DATA SHOWN:
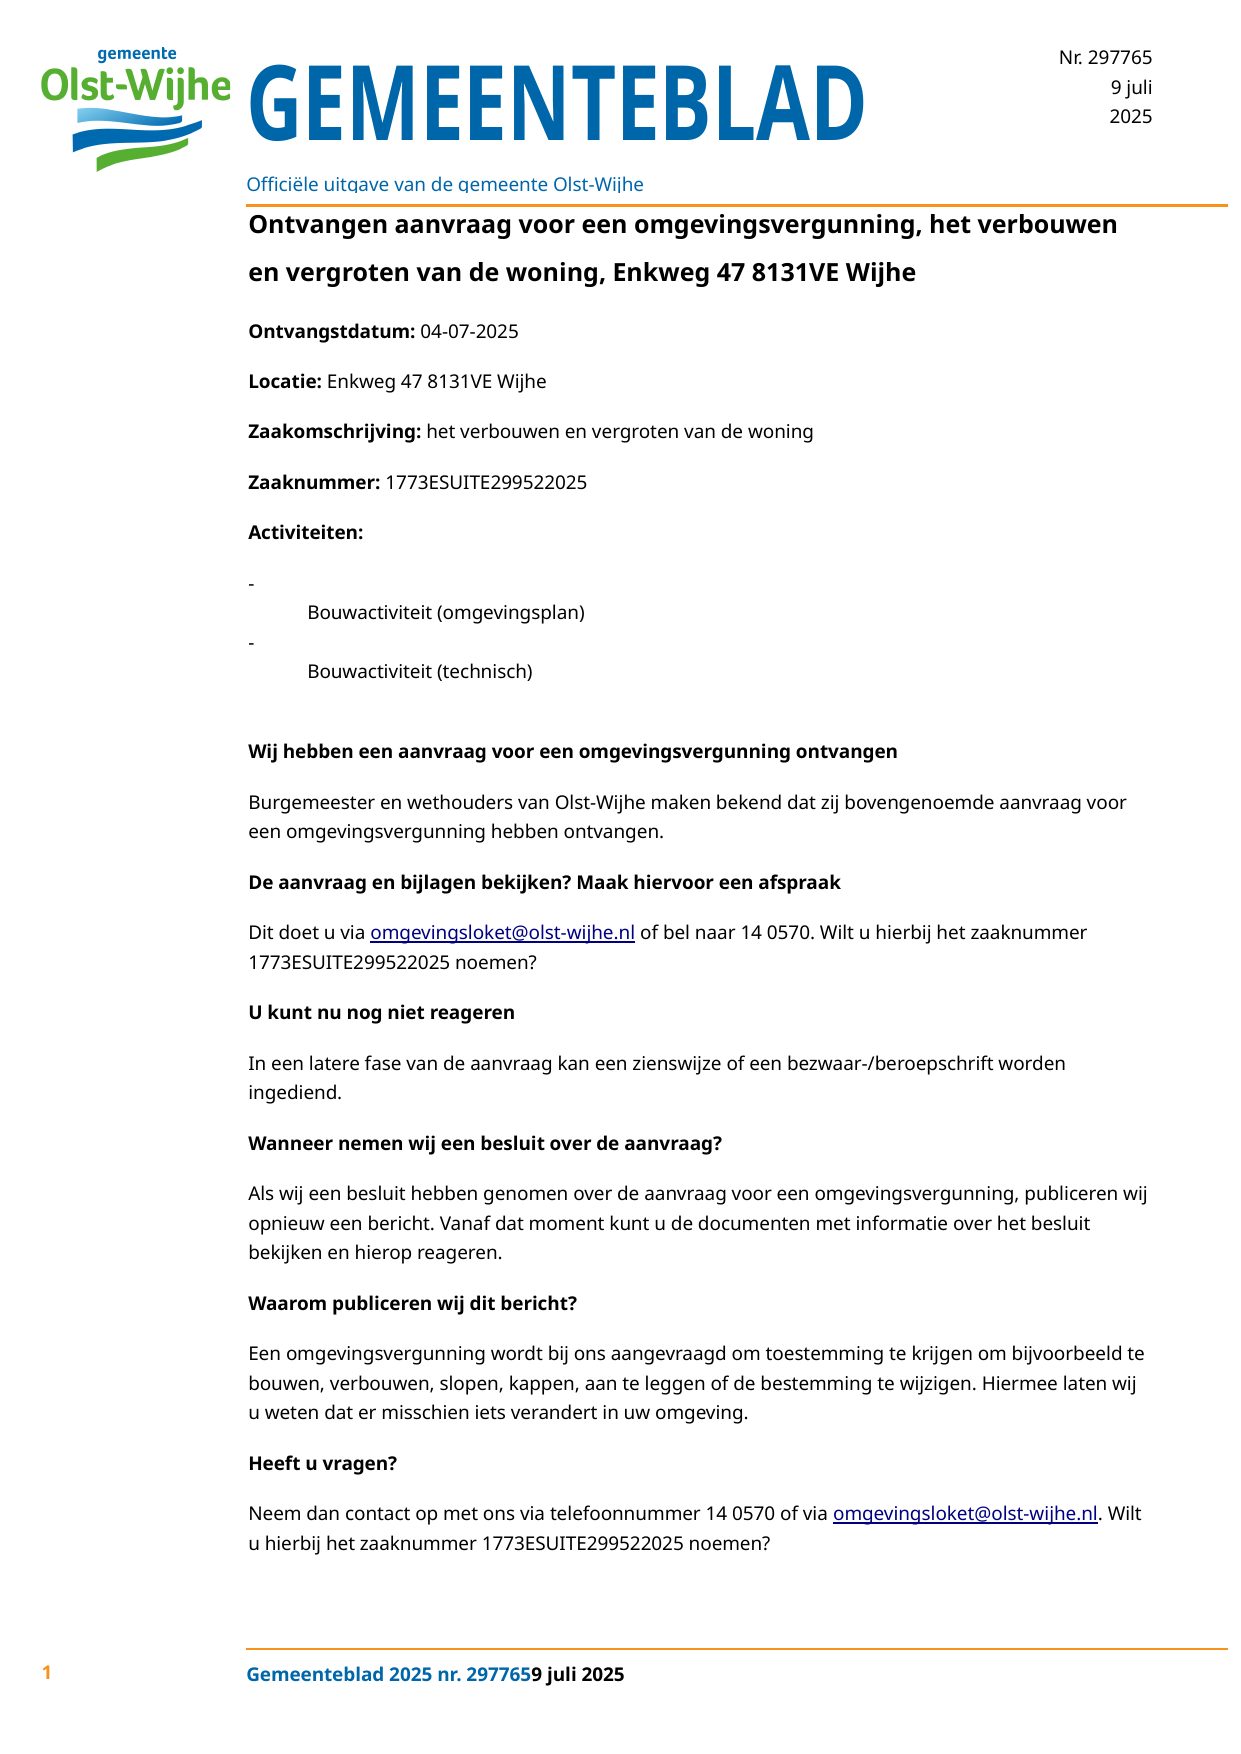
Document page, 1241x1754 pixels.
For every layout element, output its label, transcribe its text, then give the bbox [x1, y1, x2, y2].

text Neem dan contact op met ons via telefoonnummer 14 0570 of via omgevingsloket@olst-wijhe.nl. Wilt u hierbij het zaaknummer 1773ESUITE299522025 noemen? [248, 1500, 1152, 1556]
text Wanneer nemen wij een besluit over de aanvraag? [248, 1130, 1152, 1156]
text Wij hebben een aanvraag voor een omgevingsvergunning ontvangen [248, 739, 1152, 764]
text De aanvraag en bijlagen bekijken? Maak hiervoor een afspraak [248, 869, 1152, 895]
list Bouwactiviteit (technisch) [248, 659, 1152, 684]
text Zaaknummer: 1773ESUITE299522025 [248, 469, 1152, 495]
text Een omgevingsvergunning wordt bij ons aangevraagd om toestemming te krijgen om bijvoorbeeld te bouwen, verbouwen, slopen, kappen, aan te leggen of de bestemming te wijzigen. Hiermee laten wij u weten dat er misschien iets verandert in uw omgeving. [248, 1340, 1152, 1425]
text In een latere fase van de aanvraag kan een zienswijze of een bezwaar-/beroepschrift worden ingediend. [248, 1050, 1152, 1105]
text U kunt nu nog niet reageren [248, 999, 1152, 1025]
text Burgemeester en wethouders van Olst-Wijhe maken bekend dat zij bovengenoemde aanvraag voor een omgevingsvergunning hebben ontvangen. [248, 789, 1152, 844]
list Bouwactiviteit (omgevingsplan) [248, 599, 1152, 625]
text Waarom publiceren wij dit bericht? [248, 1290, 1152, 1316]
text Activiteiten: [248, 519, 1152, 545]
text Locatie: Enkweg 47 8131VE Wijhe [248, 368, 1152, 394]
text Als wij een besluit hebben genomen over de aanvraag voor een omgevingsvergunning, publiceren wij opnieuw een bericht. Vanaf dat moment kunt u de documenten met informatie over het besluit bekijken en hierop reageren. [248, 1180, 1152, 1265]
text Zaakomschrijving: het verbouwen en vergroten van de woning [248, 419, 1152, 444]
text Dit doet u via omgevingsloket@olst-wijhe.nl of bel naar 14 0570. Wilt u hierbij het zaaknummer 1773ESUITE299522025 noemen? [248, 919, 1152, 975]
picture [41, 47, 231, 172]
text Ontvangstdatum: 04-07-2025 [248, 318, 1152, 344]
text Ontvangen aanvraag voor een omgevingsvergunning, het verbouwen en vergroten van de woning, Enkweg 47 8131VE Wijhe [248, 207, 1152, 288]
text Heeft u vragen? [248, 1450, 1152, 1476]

---

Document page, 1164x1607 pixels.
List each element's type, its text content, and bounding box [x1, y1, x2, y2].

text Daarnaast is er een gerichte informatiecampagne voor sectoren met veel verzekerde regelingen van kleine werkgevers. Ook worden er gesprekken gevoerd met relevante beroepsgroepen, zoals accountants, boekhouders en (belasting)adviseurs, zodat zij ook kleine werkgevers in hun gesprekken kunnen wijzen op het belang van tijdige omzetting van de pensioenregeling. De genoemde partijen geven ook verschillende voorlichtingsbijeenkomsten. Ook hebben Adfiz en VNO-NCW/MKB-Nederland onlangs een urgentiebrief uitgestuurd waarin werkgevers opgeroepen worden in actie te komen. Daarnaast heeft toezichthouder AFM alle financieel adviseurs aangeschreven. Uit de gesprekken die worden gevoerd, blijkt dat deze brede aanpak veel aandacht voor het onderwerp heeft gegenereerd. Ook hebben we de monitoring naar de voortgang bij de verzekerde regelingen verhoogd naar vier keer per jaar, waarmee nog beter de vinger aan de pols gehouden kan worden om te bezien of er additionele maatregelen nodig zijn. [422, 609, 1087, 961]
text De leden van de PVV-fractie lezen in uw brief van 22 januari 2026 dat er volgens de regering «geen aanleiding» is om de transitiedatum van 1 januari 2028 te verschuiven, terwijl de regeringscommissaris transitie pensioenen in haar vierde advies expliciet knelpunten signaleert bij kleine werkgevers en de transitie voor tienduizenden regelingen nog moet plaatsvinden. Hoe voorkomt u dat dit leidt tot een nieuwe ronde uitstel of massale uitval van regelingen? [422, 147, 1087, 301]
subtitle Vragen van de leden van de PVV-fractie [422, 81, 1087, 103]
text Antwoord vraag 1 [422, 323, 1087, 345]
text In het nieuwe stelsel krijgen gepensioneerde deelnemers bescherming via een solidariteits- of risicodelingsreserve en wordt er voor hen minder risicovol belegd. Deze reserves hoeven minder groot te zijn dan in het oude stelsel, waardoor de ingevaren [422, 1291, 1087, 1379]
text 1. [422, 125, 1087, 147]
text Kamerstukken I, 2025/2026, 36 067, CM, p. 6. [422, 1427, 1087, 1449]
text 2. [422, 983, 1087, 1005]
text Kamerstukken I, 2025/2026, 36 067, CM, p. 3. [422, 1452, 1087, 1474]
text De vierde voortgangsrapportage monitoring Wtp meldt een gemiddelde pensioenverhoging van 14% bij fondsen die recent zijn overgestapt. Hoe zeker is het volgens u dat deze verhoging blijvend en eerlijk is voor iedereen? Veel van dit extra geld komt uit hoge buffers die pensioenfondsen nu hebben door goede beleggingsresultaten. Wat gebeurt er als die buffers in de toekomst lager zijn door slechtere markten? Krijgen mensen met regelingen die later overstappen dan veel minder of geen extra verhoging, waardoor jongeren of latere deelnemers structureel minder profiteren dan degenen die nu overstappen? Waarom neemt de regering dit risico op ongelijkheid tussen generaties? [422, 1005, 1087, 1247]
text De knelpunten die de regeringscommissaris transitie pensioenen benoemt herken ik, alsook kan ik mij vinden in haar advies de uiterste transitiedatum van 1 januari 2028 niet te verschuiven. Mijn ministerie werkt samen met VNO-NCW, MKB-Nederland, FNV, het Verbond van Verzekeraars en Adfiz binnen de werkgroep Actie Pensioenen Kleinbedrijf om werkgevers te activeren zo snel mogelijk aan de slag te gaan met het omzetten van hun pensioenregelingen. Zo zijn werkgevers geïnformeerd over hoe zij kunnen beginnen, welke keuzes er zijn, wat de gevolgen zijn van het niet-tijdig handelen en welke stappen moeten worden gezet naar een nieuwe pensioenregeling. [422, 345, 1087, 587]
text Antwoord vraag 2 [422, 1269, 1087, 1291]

---

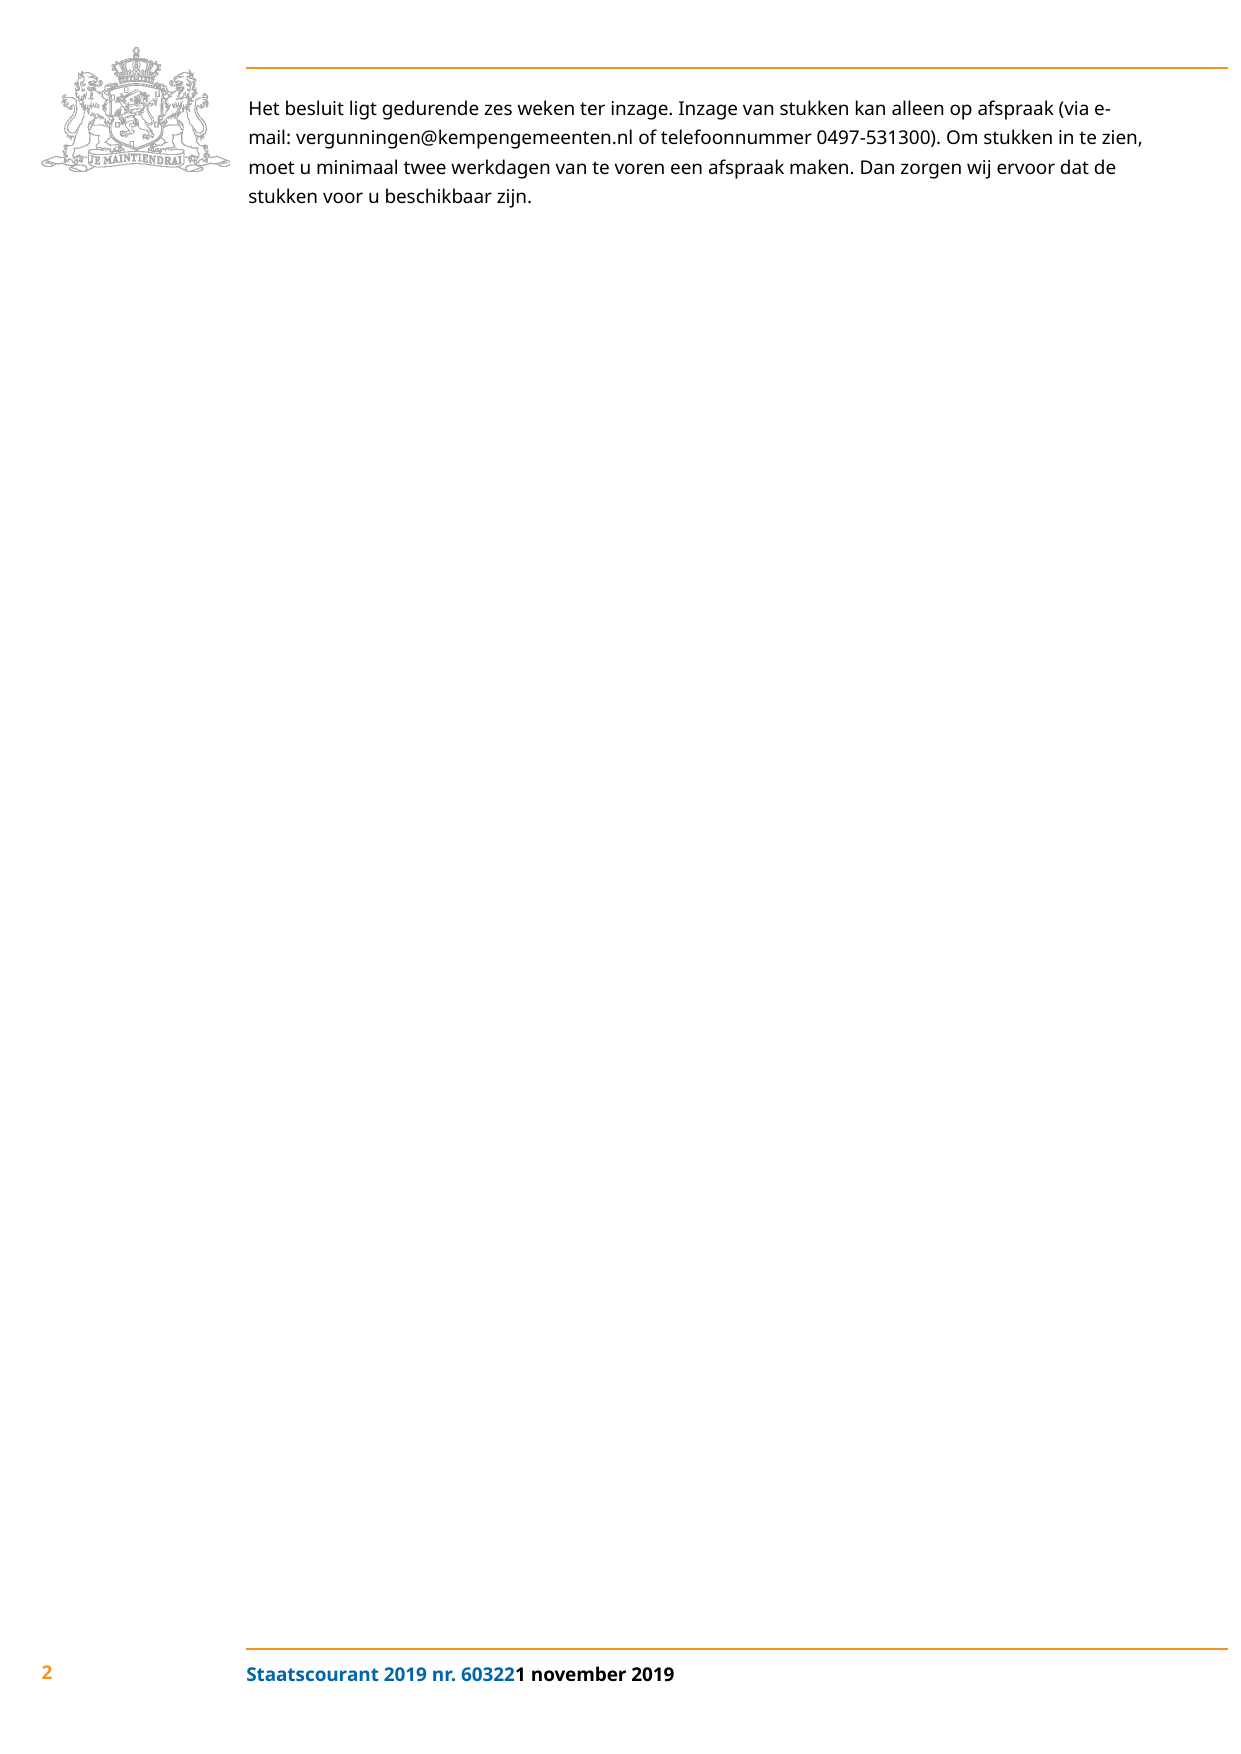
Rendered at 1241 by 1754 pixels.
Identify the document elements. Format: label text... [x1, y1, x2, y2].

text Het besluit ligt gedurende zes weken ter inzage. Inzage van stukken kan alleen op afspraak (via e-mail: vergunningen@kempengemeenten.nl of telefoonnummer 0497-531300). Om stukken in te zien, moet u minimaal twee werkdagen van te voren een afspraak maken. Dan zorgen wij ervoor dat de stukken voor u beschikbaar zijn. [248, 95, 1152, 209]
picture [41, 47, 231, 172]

TASK OBJECTIVE:
Make a list of all lines in the data that contain "page".

ANSWER AREA:
Document page, 1241x1754 pixels.
Document page, 1164x1607 pixels.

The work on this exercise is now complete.